Колокола прозвонили двенадцать.
– Пора идти, – сказала она и растаяла, как эхо сказанных слов.
Я и на этот раз стоял как вкопанный – смотрел, как она исчезает, и думал обо всех вопросах, которые хотел ей задать, но они так и остались не произнесенными мыслями. Вопросы, на которые я и сам мог дать ответы, провоцируя цепь фантастических реакций, которые заполняли время и были жизнью наподобие открытых ворот или переставленной с места на место книги. Ибо жизнь, которую мы проживаем, или думаем, что проживаем, происходит на нескольких квадратных сантиметрах нашей черепной коробки; памятные и единственные в своем роде события происходят в нашей голове; жизнь, которую, как нам кажется, мы прожили, которую нам дано вспомнить, когда наступает пора подведения итогов, эту жизнь мы прожили в потаенности своих мыслей, никому не ведомых во всей Вселенной. Мы – то, что мы прожили: то, что думали, воображали, надеялись, чего желали и что забыли. Вселенная никогда не узнает, чем была наша молчаливая и потаенная жизнь, никто не узнает о наших тайных путешествиях, о воображаемой любви и возлюбленных, о сотне наших жизней, заключенных в необозримых мирах нейрона.
37
Есть книги-самоубийцы, как люди.
Стихи ди Перса стали пылью в песочных часах. Я решил, что «Метаморфозы» будут второй книгой, которую я предам земле, но книга сама выбрала свой печальный конец. Два удара шквального ветра. Первый случился в тот день, в семнадцать сорок шесть. Изо всех сил хлопнула дверь в туалет, я перечитывал в это время историю про Аполлона и Дафну и от неожиданности даже вздрогнул. Пошел прикрыть окно и, поскольку находился рядом с туалетом, решил им воспользоваться. Но чтение Овидия меня затянуло и обмануло, я едва успел вытереть руки, как церковные колокола прозвонили шесть вечера. Я выключил свет и запер библиотеку, но в спешке забыл Овидия на холодном мраморном подоконнике полузакрытого окна. Я опаздывал, до закрытия кладбища надо было еще зайти к Марфаро.

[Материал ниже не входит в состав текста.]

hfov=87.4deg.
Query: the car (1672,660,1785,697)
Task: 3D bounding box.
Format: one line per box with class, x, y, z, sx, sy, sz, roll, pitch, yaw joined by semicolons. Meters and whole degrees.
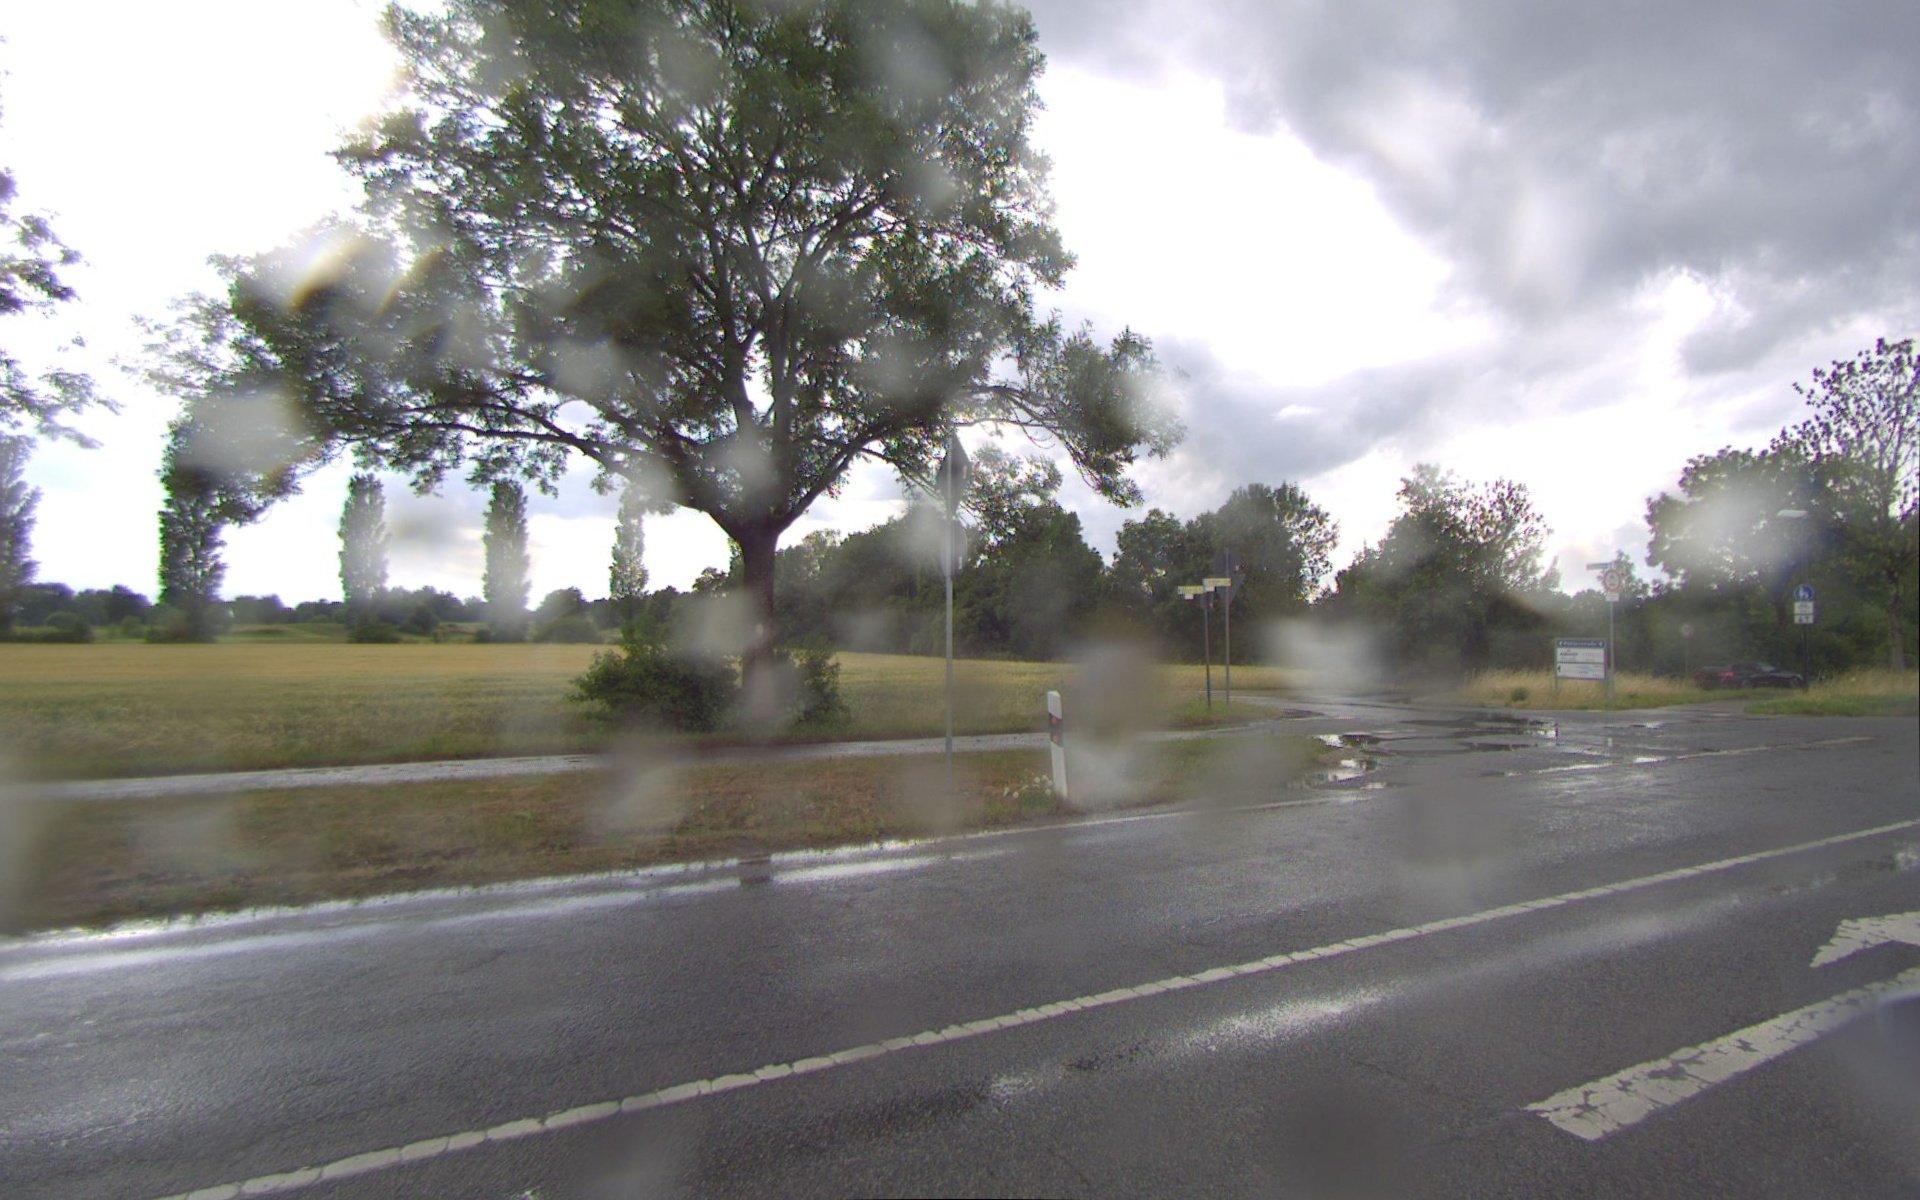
car;36.747;3.731;48.029;4.566;1.568;2.297;2;0;-23

Едва я вошел, он сразу же отдал мне пакет, изготовленный по моему заказу. Поздоровался со мной встревоженным голосом. Я спросил, что стряслось.
– Вот уже целых пять дней, – ответил он возмущенно.
Я сказал, что не понимаю его.
– Пять дней, как никто не умирает.
Мне не казалось, что это много для такого маленького городка, как Тимпамара, но у нас с ним были противоположные взгляды.